Combination of U.S. Pat. No. 7,709,517 and US2002/0009494:

This combination provides strong grounds for an obviousness challenge to the central aspects of US patent 12447128.

• U.S. Pat. No. 7,709,517 establishes enzalutamide as a known drug with therapeutic utility. The problem statement in US12447128 itself indicates that enzalutamide, in its commercially available form, requires multiple liquid-filled capsules, implying a need for improved solid formulations. This strongly suggests that enzalutamide is a sparingly soluble compound, which would motivate a POSA to seek improved formulations.
• US2002/0009494 directly teaches the use of hydroxypropylmethylcellulose acetate succinate (HPMCAS) in a pharmaceutical composition comprising a sparingly soluble compound, prepared by a spray drying method, to improve aqueous solubility and/or bioavailability.

Motivation to Combine:
A POSA, tasked with developing a more convenient, effective solid oral dosage form for enzalutamide (known from '517), would immediately recognize the challenges associated with its likely poor aqueous solubility (inferred from the commercial liquid capsule formulation). The explicit teachings of US2002/0009494 provide a clear and direct motivation to combine the known drug enzalutamide with the specific polymer HPMCAS and the spray-drying method. The '494 publication precisely addresses the goal of improving aqueous solubility and bioavailability for sparingly soluble compounds, which aligns perfectly with the stated objective of US12447128.
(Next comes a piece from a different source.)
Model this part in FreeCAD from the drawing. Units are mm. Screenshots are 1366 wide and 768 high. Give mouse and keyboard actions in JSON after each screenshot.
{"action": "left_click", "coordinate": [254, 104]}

Reasonable Expectation of Success:
Given the explicit teaching in US2002/0009494 that HPMCAS and spray-drying "improve aqueous solubility and/or bioavailability" for sparingly soluble compounds, a POSA would have a reasonable expectation of success in achieving these improvements for enzalutamide. It is well-established in the art that spray-drying a poorly soluble drug with a polymer often results in an amorphous solid dispersion, which is known to enhance dissolution rates compared to crystalline forms. The particular selection of HPMCAS is further supported by US12447128 itself, which describes HPMCAS as a "particularly desirable" and "concentration-enhancing polymer" that "performs particularly well." The specific quantitative enhancements in MDC, AUC, and Cmax, while perhaps significant, would be expected outcomes and/or achievable through routine optimization by a POSA following this established path. The goal of a single, higher-dose tablet would also be a natural consequence of achieving improved solubility and bioavailability, enabling higher drug loading per unit.
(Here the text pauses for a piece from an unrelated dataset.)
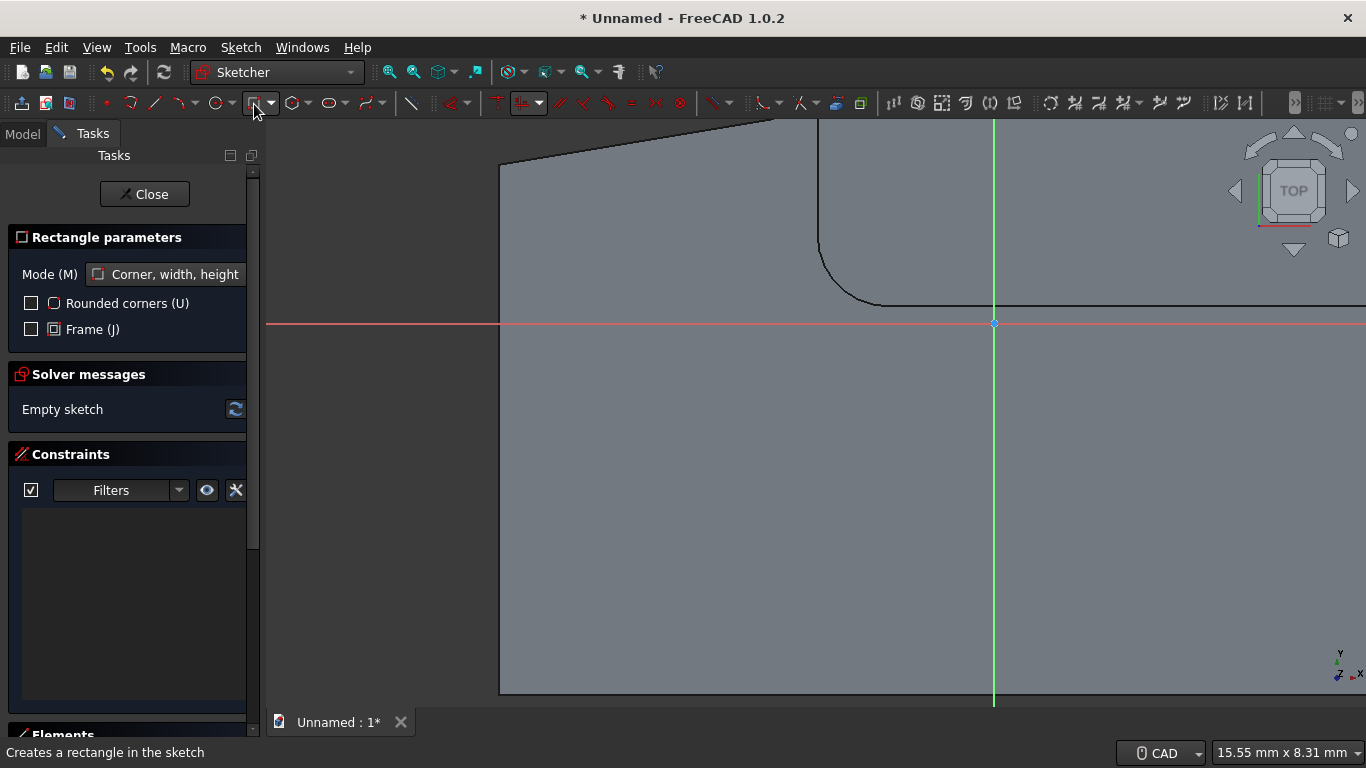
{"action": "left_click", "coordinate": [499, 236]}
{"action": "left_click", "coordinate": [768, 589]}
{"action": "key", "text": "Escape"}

Addressing Arguments Against Obviousness:
US12447128 states that "Solubilization of a specific drug depends on its chemical structure and physical properties, therefore, whether any particular polymer will solubilize a specific drug is not necessarily predictable." While this general statement is true, the unpredictability argument is considerably weakened by the highly specific and relevant teaching of US2002/0009494. A POSA is not blindly experimenting with "any particular polymer" but is instead guided by a prior art reference that specifically identifies HPMCAS and spray-drying as effective for solving the very problem of enhancing solubility and bioavailability for sparingly soluble compounds.

Conclusion

Based on the combination of U.S. Pat. No. 7,709,517 and US2002/0009494, the claims of US patent 12447128 directed to an amorphous solid dispersion of enzalutamide with HPMCAS, prepared by spray-drying to improve aqueous solubility and/or bioavailability, would likely be considered obvious to a person having ordinary skill in the art. The motivation to combine these references is clear: to address the known solubility challenges of enzalutamide and develop a more convenient solid oral dosage form, utilizing a proven technique for sparingly soluble drugs that explicitly mentions the specific polymer and manufacturing method. The expectation of success in achieving improved solubility and bioavailability would be reasonable.